Delaying any limits on throwaway plastic bags is deadly for more than the infants who choke on them each year (after all, that's why California and 4 other states mandate warning labels). Many marine species, including food fish on which millions of Americans depend, are threatened by steadily rising levels of plastic waste in rivers, lakes, and oceans.

The right to live in a clean environment is only as good as the scruples of those who would inflict pollution or the power and ingenuity of the people to stop it. Anyone who has pulled plastic bags from the bed of an urban river or seen their shreds in the stomach of California's official marine reptile, the endangered seagoing leatherback turtle, knows that ecosystems do not clean themselves. Worsening the burden are retail sales of 14 billion plastic bags in California, the bulk of which end up in dumps or drifting into nature.

Time is of the essence in reducing plastic-bag waste at the source. Estimates this year by the Ellen MacArthur Foundation, widely reported in U.S. media, point to plastic waste, including bags, outstripping fish in the ocean by 2050. You read that right.

Each American adult pays about $20 per year in hidden costs to retailers for the estimated 500 throwaway plastic bags carted away from checkout counters. That adds up to nearly $4 billion in costs to consumers and 100 billion plastic bags in the trash. Estimates place the crude oil used in making the plastic bags that Americans throw out each year at between 8 million and 12 million barrels, qualifying bags as a contributor to climate destruction even before they enter the ecosystem.

Far from tailing off naturally amid rising consciousness and use of reusable bags, plastic production is likely to escalate. If current rates of expansion continue, the World Economic Forum estimates quadrupling of plastic waste by 2050.

Nations as diverse as Ireland, Italy, Bulgaria, Morocco, Rwanda, South Africa, and Bangladesh have responded to blight and flooding from clogged storm drains by curtailing or taxing plastic bags. Homeowners and businesses in a heavily Latino neighborhood of Los Angeles suffered major losses during a flash flood in October 2015 after plastic bags and other debris blocked a runoff basin. Why not more bans in U.S. states?

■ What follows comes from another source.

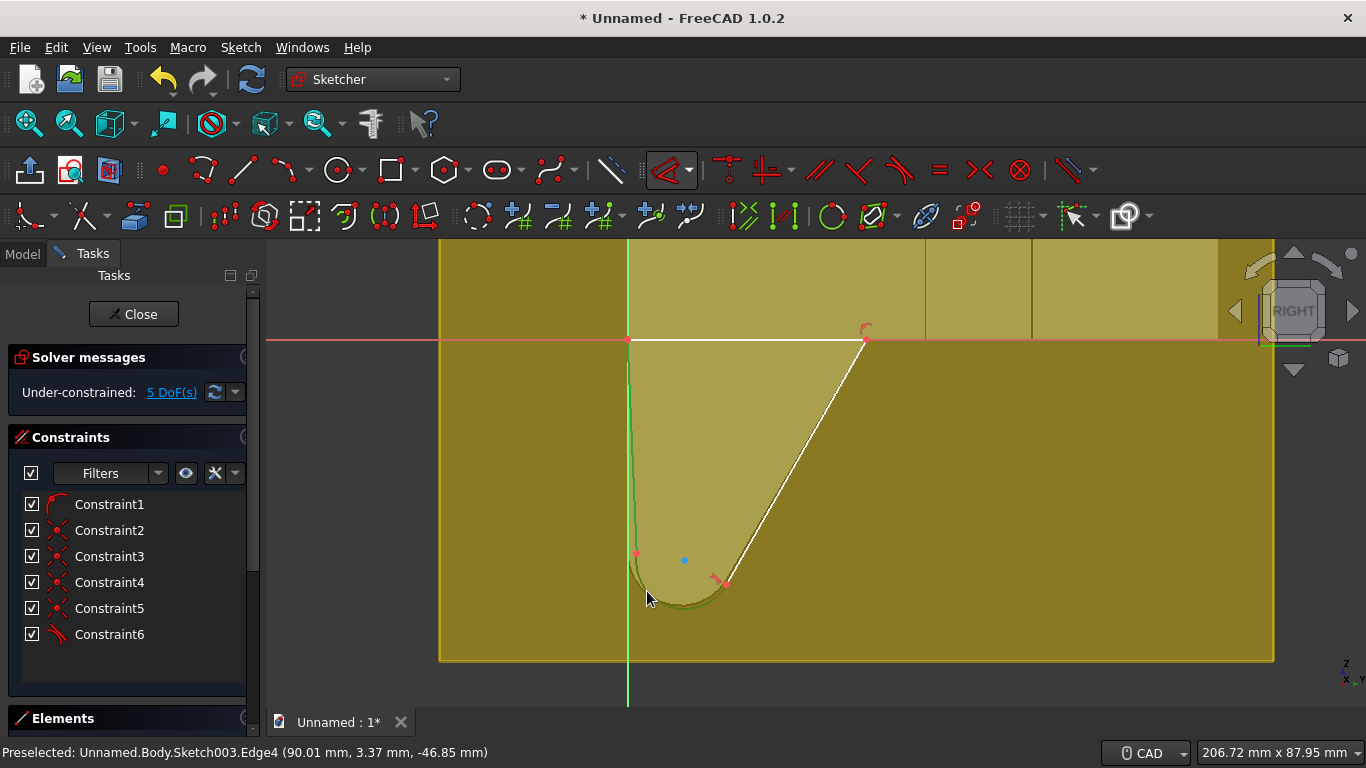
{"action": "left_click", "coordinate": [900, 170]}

Plastic polluters throw their weight and money around to buy influence, and legislative outcomes. California's statewide ban was 8 years in the making, during which polluters spent $3 million to kill it. They have an amen corner among phony anti-government pharisees like Grover Norquist, who pretend to hate the boot heel of the nanny state, except when they are wearing the boots and the frock.

Taking away the authority of local jurisdictions and states to limit plastic-bag waste effectively paralyzes the only civic force with practical capacity to rein in polluters. This strategy by the plastics industry offers a cruel twist on conservative rhetoric about the value of local government, the layer closest to the people.

It was 5-star Army General and Republican icon Dwight Eisenhower who wrote in 1960 that "pollution is a uniquely local blight." Ike added, "Primary responsibility for solving the problem lies not with the federal government, but rather must be assumed and exercised, as it has been, by the state and local governments."

Fake conservatives of today who now shill for polluters against taxpayers have clearly lost their grip on the previous generation. They have also lost their hold on habits and views of Generations X and Y as well as millennials, for whom reusable bags are a fact of life. Such perverse displays of hypocrisy and relegation to the political fringe show how effectively the environmental coalition has captured the bipartisan moral high ground. In California, that consensus of conscience is mobilizing to overcome the filthy lucre of Big Plastic at the ballot box.